### Assignment:
Could you output each line below exactly as it appears, excluding any pictures?

Items listed in a dataset:
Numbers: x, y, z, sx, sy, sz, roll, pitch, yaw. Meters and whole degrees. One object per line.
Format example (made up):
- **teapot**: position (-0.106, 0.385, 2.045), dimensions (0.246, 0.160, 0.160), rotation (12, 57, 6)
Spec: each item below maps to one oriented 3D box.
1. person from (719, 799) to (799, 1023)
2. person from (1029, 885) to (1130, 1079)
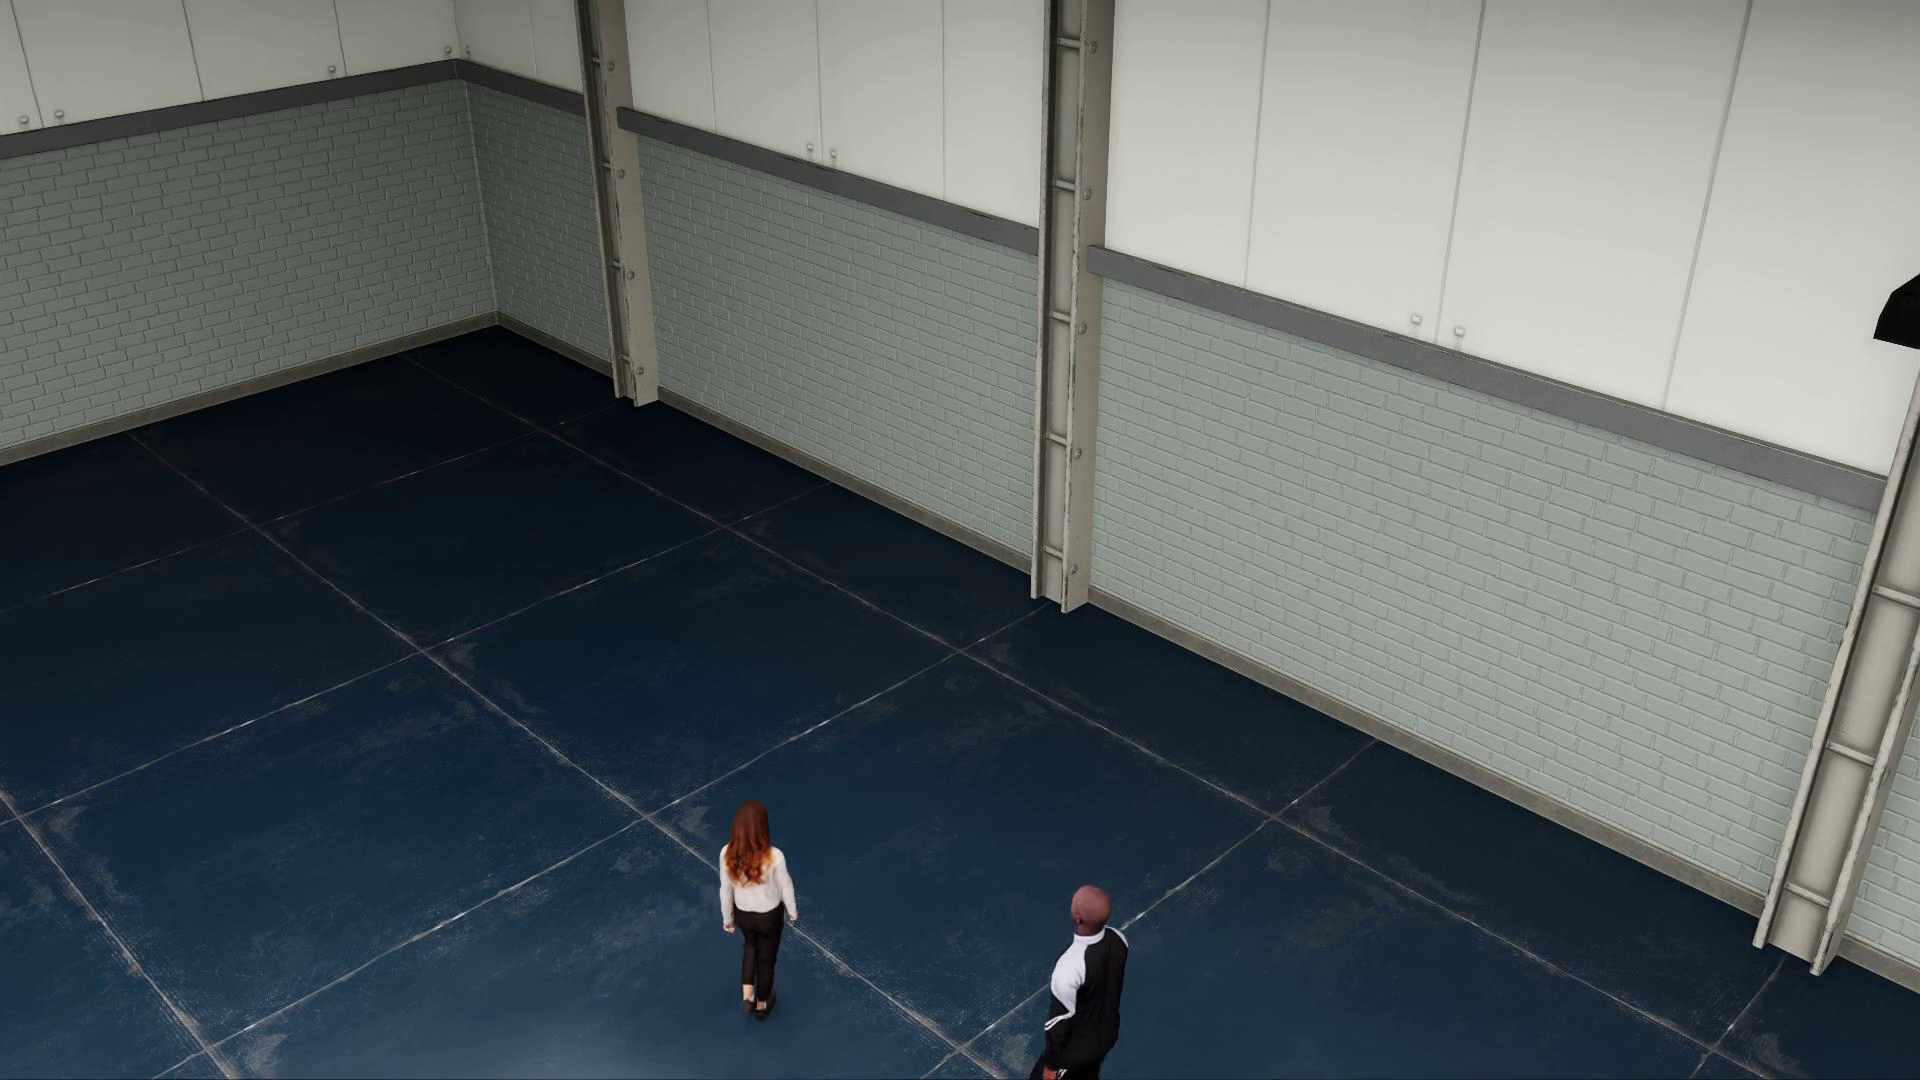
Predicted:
- **person**: position (-1.137, 2.111, 9.221), dimensions (0.624, 1.476, 0.705), rotation (6, 29, 11)
- **person**: position (0.653, 2.482, 8.163), dimensions (0.683, 1.815, 0.711), rotation (-24, 36, -37)

### Task solution:
Numbers: x, y, z, sx, sy, sz, roll, pitch, yaw. Meters and whole degrees. One object per line.
Format example (made up):
- **teapot**: position (-0.106, 0.385, 2.045), dimensions (0.246, 0.160, 0.160), rotation (12, 57, 6)
Spec: each item below maps to one oriented 3D box.
1. person from (719, 799) to (799, 1023)
2. person from (1029, 885) to (1130, 1079)
Predicted:
- **person**: position (-1.137, 2.111, 9.221), dimensions (0.624, 1.476, 0.705), rotation (6, 29, 11)
- **person**: position (0.653, 2.482, 8.163), dimensions (0.683, 1.815, 0.711), rotation (-24, 36, -37)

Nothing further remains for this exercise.